Professors from Hong Kong and Canada share insights on past and present ways of engaging with the Bible texts
(LWI) - How did the early Christian communities react to the newly written Biblical texts? How can we make those texts more accessible to different audiences today? And how can the Bible serve as a unifying force, rather than a source of division and conflict? Those were the key questions up for discussion during the third in a four-part webinar series marking the 500th anniversary of Martin Luther’s September Testament, as his landmark translation from Greek into German is known.
Rev. Dr Sin Pan Ho, a New Testament professor and dean of advanced studies at Lutheran Theological Seminary in Hong Kong, spoke of the need to “time travel back to the 1st century” to understand the culture in which people first read and received the words of the gospels. The books of the New Testament, he noted, were written within a span of one (or possibly two) hundred years at a time when people were living in a polytheistic culture under the Roman empire.
In the urban settings, where people worshipped many different gods, Ho said, the apostle Paul was among the first to realize the potential of the new texts, not just as a subject for study and discussion but as a tool that could “shape a new social identity.” The books of the New Testament, he stressed, offer the example of Jesus, not just as one deity among many, but as the answer to people’s questions about the kingdom of God.
Overcoming divisions, finding common purpose
Speaking of the conflicts over Biblical texts that already existed in the early church, Ho said it is important to imitate the way in which the first Christian communities worked to overcome their divisions. In earlier centuries, he noted, the scriptures were seen as “a kind of constitution for the heavenly people of God,” rather than “just one among many different points of reference” as they are often viewed by contemporary believers.
In the early church, where many people were persecuted for their faith, there was a sense of urgency which is lacking today, Ho noted. He stressed the need to move beyond ideologies and find ways of “practicing the Word of God together.” While there may be different interpretations of the texts, he added, “we must find a common purpose and use our differences as a motivation for working things out together.”
Rev. Dr. Kayko Driedger Hesslein, associate academic dean and director of contextual education at Lutheran Theological Seminary in Canada, spoke of the importance of making the Bible more accessible and more inclusive of people from all walks of life. There are many ways of experiencing the Word of God, she noted, including by those who are unable to hear, to see or to read the written texts.
Difference as gift to build up Body of Christ
“Accessibility is a justice issue,” she stressed, both for those with physical disabilities and those who may feel emotionally or spiritually “hurt and excluded” by words used in the texts. If we want to make the Bible more accessible and attractive to wider audiences, she added, it is important to “ask what vulnerable people need” and to “rethink our language” in response to those needs.

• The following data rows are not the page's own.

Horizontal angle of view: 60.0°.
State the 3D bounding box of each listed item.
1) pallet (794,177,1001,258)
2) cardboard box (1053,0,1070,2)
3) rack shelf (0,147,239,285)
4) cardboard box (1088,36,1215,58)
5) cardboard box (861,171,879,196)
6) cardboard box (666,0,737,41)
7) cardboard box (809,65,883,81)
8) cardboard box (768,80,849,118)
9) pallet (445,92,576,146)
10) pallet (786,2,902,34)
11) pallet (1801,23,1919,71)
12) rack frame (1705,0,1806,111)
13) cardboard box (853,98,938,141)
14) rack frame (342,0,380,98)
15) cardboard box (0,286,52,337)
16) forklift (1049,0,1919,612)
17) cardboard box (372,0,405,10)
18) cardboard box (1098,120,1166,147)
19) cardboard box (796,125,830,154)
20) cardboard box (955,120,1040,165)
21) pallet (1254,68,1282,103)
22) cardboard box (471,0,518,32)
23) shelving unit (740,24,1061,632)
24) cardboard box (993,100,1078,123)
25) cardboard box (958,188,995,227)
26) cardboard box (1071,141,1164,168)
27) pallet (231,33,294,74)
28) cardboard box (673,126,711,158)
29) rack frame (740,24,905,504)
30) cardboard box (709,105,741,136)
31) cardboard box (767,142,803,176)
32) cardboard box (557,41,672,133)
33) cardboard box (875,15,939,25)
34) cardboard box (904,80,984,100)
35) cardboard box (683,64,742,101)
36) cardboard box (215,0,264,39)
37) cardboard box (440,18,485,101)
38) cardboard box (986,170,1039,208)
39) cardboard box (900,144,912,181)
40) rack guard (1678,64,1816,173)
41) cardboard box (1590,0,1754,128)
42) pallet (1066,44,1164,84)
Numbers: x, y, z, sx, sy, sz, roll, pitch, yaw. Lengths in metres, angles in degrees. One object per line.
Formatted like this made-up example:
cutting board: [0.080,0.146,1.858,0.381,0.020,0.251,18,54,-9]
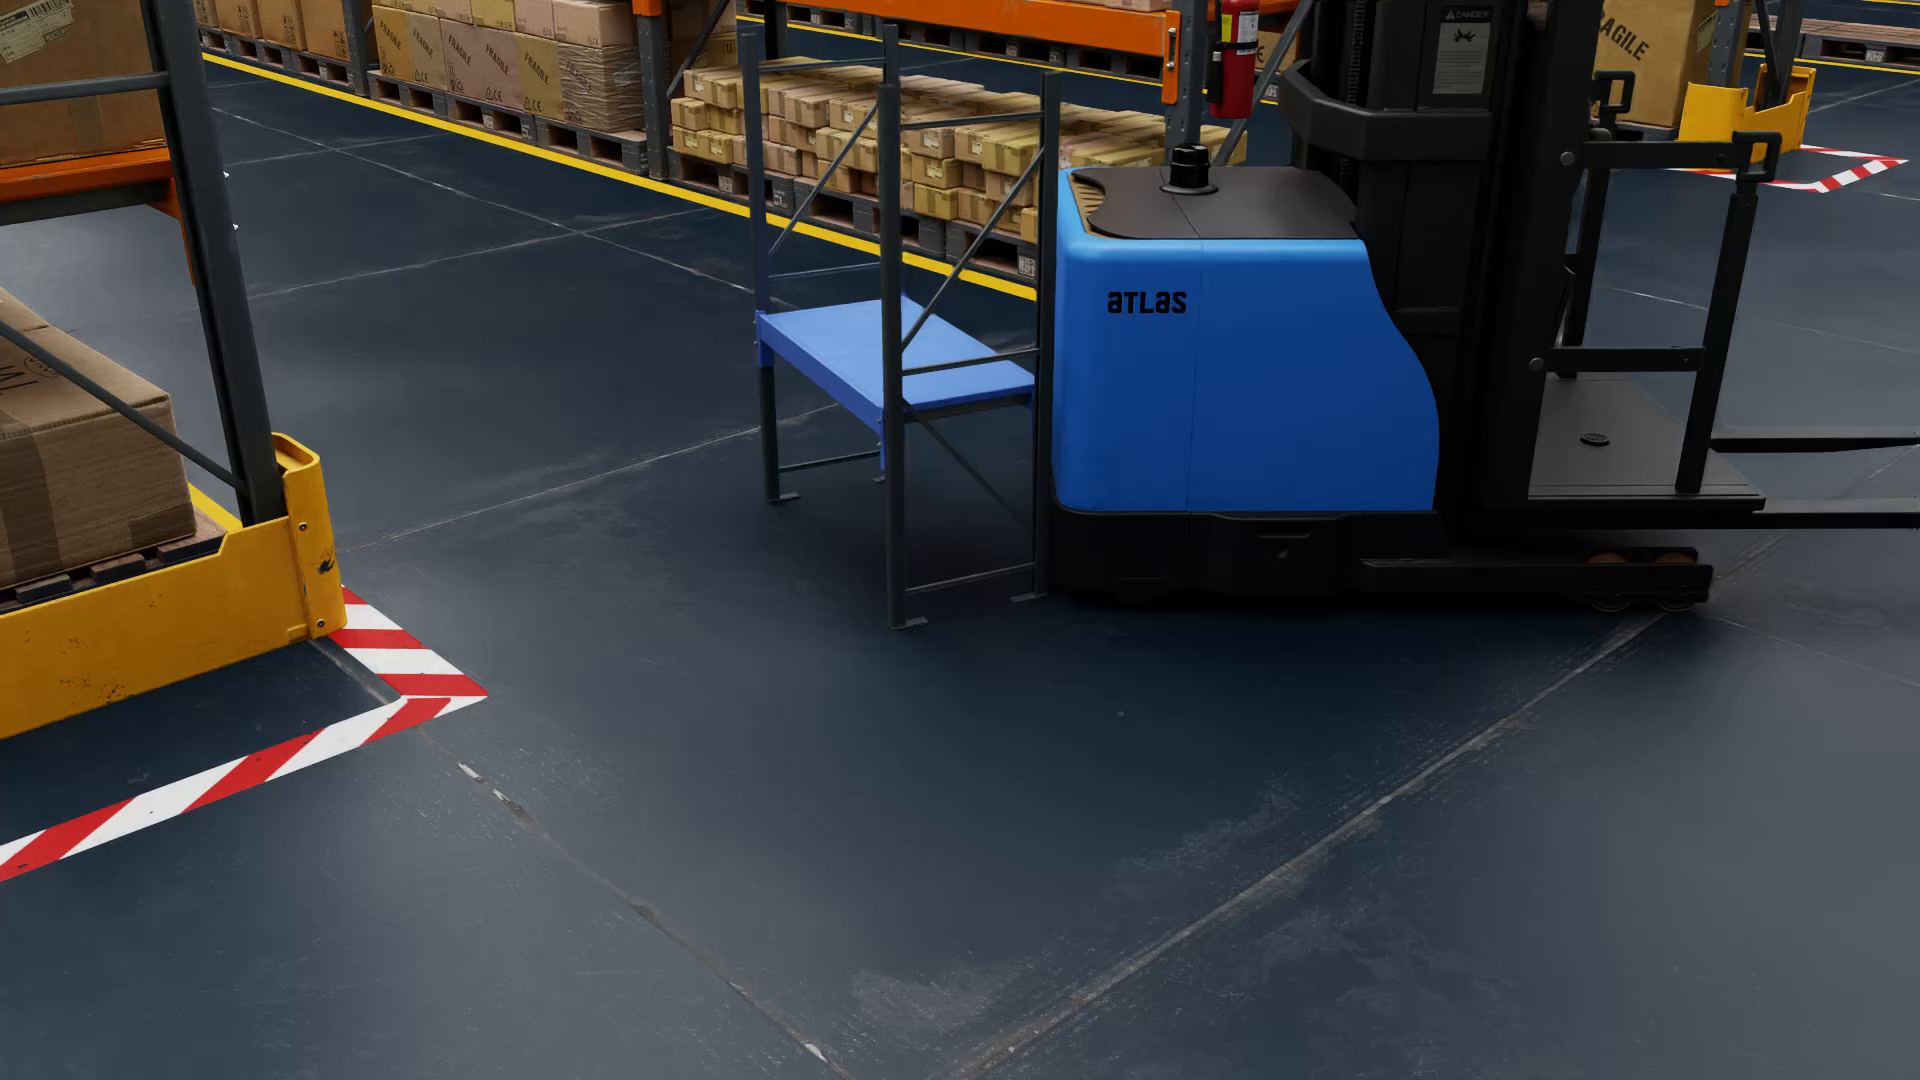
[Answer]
pallet: [-0.142,-1.830,9.008,1.003,0.211,1.213,-21,32,-38]
cardboard box: [0.515,-2.512,7.446,0.380,0.149,0.250,-22,32,-39]
rack shelf: [-3.642,-1.294,5.339,1.077,0.370,4.000,-21,32,-38]
cardboard box: [1.773,-4.451,13.447,1.225,0.875,0.875,-21,32,-38]
cardboard box: [-0.299,-1.915,8.763,0.380,0.149,0.250,-20,31,-37]
cardboard box: [-1.777,-3.356,10.594,0.500,0.250,0.500,22,33,39]
cardboard box: [-0.653,-2.653,9.664,0.380,0.149,0.250,-22,32,-39]
cardboard box: [-0.832,-2.428,9.171,0.380,0.149,0.250,-22,33,-40]
pallet: [-2.836,-2.999,11.569,1.003,0.211,1.213,-21,32,-38]
pallet: [-1.042,-5.219,16.436,1.003,0.211,1.213,-21,32,-38]
pallet: [8.039,-4.224,14.255,1.003,0.211,1.213,-21,32,-38]
rack frame: [4.959,-3.827,10.024,1.000,3.000,0.127,-21,32,-38]
cardboard box: [-0.331,-2.183,8.633,0.380,0.149,0.250,-21,32,-38]
rack frame: [-4.199,-4.874,12.320,1.000,3.000,0.127,-21,32,-38]
cardboard box: [-3.431,-0.487,5.285,0.875,0.438,0.875,-20,31,-37]
forklift: [1.777,-1.346,4.670,3.031,2.935,1.130,0,25,-1]
cardboard box: [-3.904,-3.991,11.987,0.500,0.250,0.500,22,32,39]
cardboard box: [0.883,-1.919,8.056,0.380,0.149,0.250,-21,32,-38]
cardboard box: [-0.666,-2.203,9.036,0.380,0.149,0.250,-19,31,-36]
cardboard box: [0.192,-1.935,8.089,0.250,0.149,0.380,22,33,40]
pallet: [2.687,-3.517,12.706,1.003,0.211,1.213,-21,32,-38]
cardboard box: [-2.872,-3.527,10.969,0.500,0.250,0.500,22,33,39]
shelving unit: [-0.196,-0.665,4.901,0.538,1.500,1.048,-11,27,-24]
cardboard box: [0.391,-2.170,8.606,0.380,0.149,0.250,-20,31,-37]
cardboard box: [0.211,-1.669,8.224,0.380,0.149,0.250,-21,32,-38]
cardboard box: [0.722,-1.703,7.582,0.380,0.149,0.250,-21,32,-38]
pallet: [-5.513,-4.235,14.279,1.003,0.211,1.213,-21,32,-38]
cardboard box: [-1.451,-2.355,9.726,0.250,0.149,0.380,22,33,40]
rack frame: [-0.419,-0.855,5.316,0.500,1.500,0.032,-11,27,-24]
cardboard box: [-1.212,-2.440,9.554,0.380,0.149,0.250,-21,32,-38]
cardboard box: [-0.851,-2.151,9.279,0.380,0.149,0.250,-22,33,-39]
cardboard box: [-2.155,-2.869,10.430,0.500,0.500,0.500,-22,32,-39]
cardboard box: [-0.053,-5.260,15.220,0.875,0.875,1.225,22,32,39]
cardboard box: [-0.087,-2.419,9.150,0.250,0.149,0.380,22,33,40]
cardboard box: [-1.381,-2.664,9.687,0.380,0.149,0.250,-20,31,-36]
cardboard box: [-5.787,-4.797,14.357,1.050,0.750,0.750,-21,32,-38]
cardboard box: [-3.201,-3.336,11.453,0.500,0.500,0.500,-22,33,-40]
cardboard box: [0.343,-1.715,7.967,0.250,0.149,0.380,22,33,40]
cardboard box: [-0.182,-1.952,8.484,0.380,0.149,0.250,-19,31,-36]
rack guard: [4.975,-2.682,10.527,1.175,0.500,0.348,-21,32,-38]
cardboard box: [4.463,-3.222,10.753,0.875,0.875,0.875,-21,32,-38]
pallet: [1.642,-3.982,13.725,1.003,0.211,1.213,-21,32,-38]

When we engage with the Bible, Driedger Hesslein stressed, we are joining together with those “clouds of witnesses” from centuries past, so we are “never truly alone.” It is helpful to read different translations, she continued, to reflect on different ways of interpreting the texts. While the church has witnessed many conflicts over diverse interpretations of the Bible, she said “we are called to trust each other and to trust the Spirit in us.” We should be less fearful and experience differences, not as a source of conflict, she added, but rather “as a gift for building up the Body of Christ.”
Reflecting on the responsibility of the preacher to open up the biblical texts for others, Driedger Hesslein noted that we speak about “the living Word” which is mediated through the experiences of different generations in varying cultural contexts. At the same time, she said, it is vital to take into account “the overarching message of the Bible,” ensuring that preaching always “points to God” and “proclaims God’s grace amid the reality of sin.”
The fourth and final part in this Bible Year series will take place on 10 January 2023, with scripture scholars joining moderator Rev. Szabolcs Nagy, from the Evangelical Lutheran Theological University in Budapest, to discuss the theme ‘Living the Bible’.